Kondisi Kesehatan Mulai Menurun pada Tahun 2025

Bagi keluarga, Arsyad bukan mantan pesepak bola terkenal. Ia adalah sosok ayah dan suami yang hangat serta selalu hadir di tengah keluarga.

Namun, kehidupan sederhana itu juga diiringi kebiasaan yang perlahan memengaruhi kesehatannya: merokok, minum kopi saset, dan sering begadang. Kebiasaan tersebut tetap melekat meski ia telah lama meninggalkan dunia sepak bola profesional.

Menjelang akhir 2025, kondisi kesehatannya mulai menurun.

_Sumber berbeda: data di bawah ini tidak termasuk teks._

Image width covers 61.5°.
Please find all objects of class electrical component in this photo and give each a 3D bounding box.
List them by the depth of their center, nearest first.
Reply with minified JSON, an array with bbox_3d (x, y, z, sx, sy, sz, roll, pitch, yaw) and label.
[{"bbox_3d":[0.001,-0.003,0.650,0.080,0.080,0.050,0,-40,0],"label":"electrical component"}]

Ia beberapa kali keluar masuk rumah sakit dan kabarnya menyebar perlahan di kalangan keluarga.

Hingga akhirnya pada Senin siang, 4 Mei 2026, Arsyad Benyal menghembuskan napas terakhirnya. Ia pergi jauh dari sorotan publik dan hiruk-pikuk stadion yang dulu mengenal namanya. Namun bagi mereka yang pernah hidup di era Galatama, Arsyad Benyal bukan sekadar mantan pemain bola.

Ia adalah bagian dari generasi pesepak bola yang membangun nama lewat perjuangan di lapangan, di masa ketika sepak bola Indonesia hidup dari gairah tribun dan kualitas permainan.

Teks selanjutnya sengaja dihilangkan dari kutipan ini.